01-17-2018 12:15 PM
Hello everyone. I am new in the community. I was having trouble understanding the above vi.
Why do I get 2 rows ?
When I ran this vi , while loop count was 1. Then why did I get 2 rows?
Thank you.
Solved! Go to Solution.
01-17-2018 02:04 PM
The way I see it is the first time the loop runs the "Elapsed Time" VI will return a false, but the DAQmx Read vi will wait for 5 samples (i.e. 5 seconds since the rate was set at 1Hz). The next loop the "Elapsed Time" VI will return true (i.e. we've been running longer than 4 seconds), but we'll still wait for 5 samples from the DAQ device. Since the output of the Read VI is indexed on the while loop boundary we will see two iterations with 5 samples each.
01-17-2018 02:31 PM
@mayur95 wrote:
When I ran this vi , while loop count was 1. Then why did I get 2 rows?

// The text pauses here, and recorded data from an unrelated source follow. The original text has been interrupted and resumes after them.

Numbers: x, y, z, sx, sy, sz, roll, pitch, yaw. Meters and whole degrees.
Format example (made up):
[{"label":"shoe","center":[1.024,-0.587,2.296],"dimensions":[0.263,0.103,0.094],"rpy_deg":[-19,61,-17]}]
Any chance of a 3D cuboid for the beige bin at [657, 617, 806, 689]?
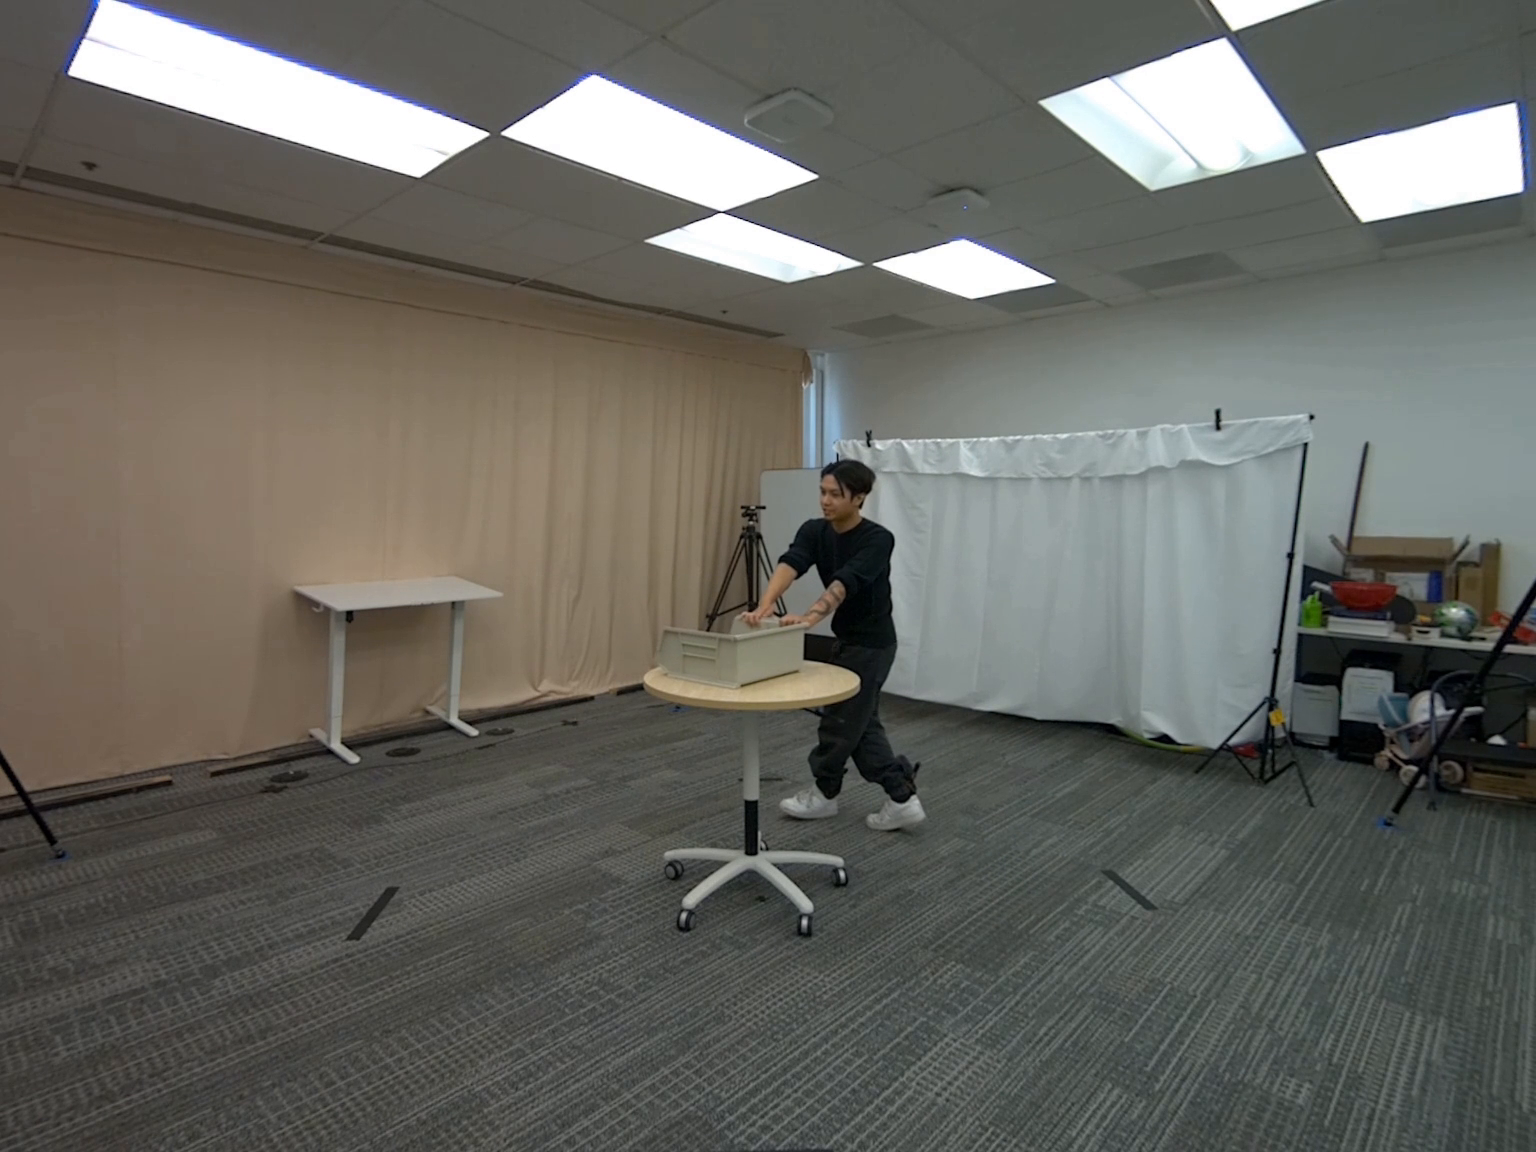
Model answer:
[{"label":"beige bin","center":[-0.128,0.262,3.057],"dimensions":[0.390,0.188,0.409],"rpy_deg":[6,6,39]}]
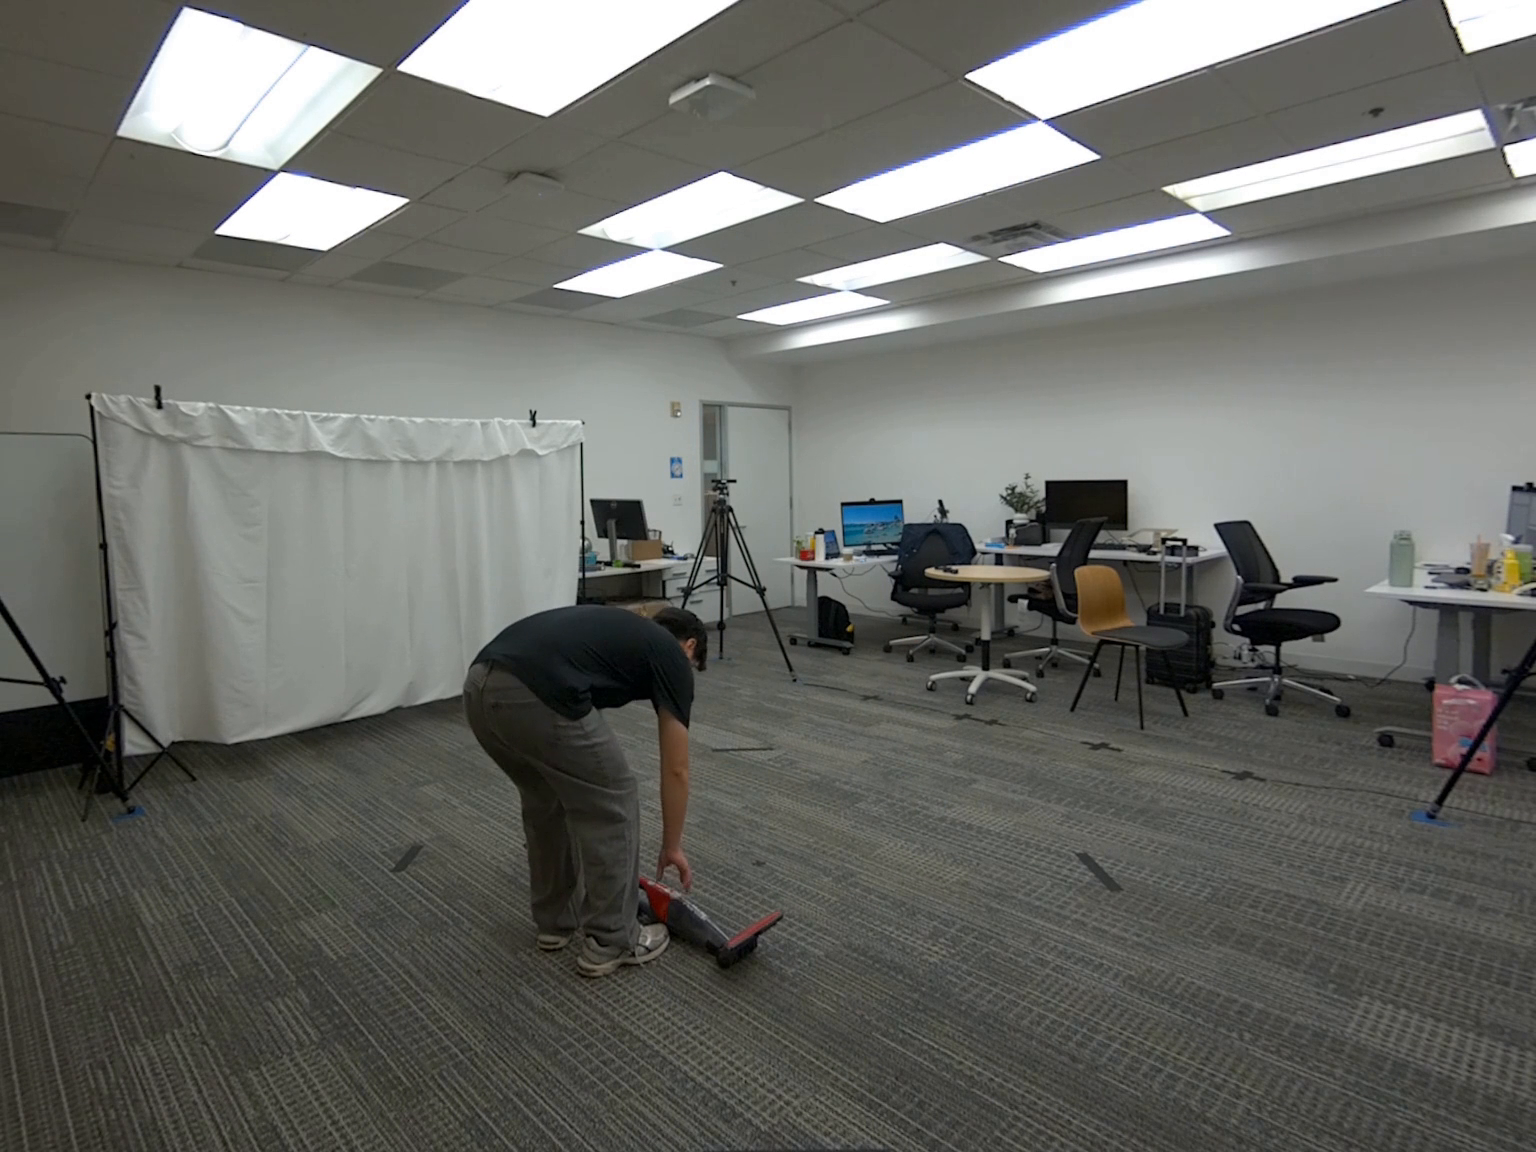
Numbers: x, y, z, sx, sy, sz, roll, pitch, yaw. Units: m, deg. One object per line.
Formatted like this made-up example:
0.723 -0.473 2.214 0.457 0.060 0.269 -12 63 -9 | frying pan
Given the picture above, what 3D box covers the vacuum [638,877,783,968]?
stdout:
-0.461 1.030 2.804 1.081 0.143 0.247 4 11 40 | vacuum

Remember that the loop iteration counter starts at 0. So a count of 1 means you iterated 2 times. Therefore, 2 rows.
01-17-2018 03:54 PM
There's a little tidbit I wanted to emphasize. The first call to Elapsed Time will result in an auto-reset behavior and consider that instant as t=0. It will run in parallel to DAQmx Read and finish pretty much instantly while DAQmx Read has to wait around 5 seconds for its samples. The next iteration starts about 5 seconds later and that's the reason Elapsed Time will return a True (at least 4 seconds have passed) and terminate the loop.
Even if you sequenced the functions in the loop so that DAQmx Read was called first, waited a full 5 seconds, and *then* you called Elapsed Time, it would *still* return a False on the first call. It wouldn't set t=0 to be the beginning of the loop iteration, it would still be the instant that Elapsed Time first executed.
-Kevin P
01-17-2018 11:28 PM
Thanks for the reply.
So , in all this vi should take almost 10 sec to complete , right?
01-18-2018 03:15 AM
mayur95 wrote:So , in all this vi should take almost 10 sec to complete , right?
It will take at least 10 seconds.
01-18-2018 05:58 AM
Thank you Sir.
05-11-2019 08:36 AM
This algorithm is not robust as you keep playing with the rate and number of samples per channel it fails to make sense. Please have a look at the attached file, if rate is set at 5 as I should have 6 rows then ?
The first run makes a valid result, now try playing with the user inputs. As you see the algorithm failing to be consistent.
It's as if its failing to reset....well anyone could give it a try !
05-11-2019 04:28 PM
@cobbPP wrote:
if rate is set at 5 as I should have 6 rows then ?
It is looking for 4 seconds to have passed since the first loop iteration began. If you are running at 5 Samples/second, then each loop iteration should be 1 second ( (5 Samples) / (5 Samples/second) = 1 second). Assuming everything is ideal, you will have read elapsed times of {0, 1, 2, 3, 4}, which will give you 5 rows. Of course, you have weird software timing in the mix as well, which could add some time. Probably not enough to mess this up though.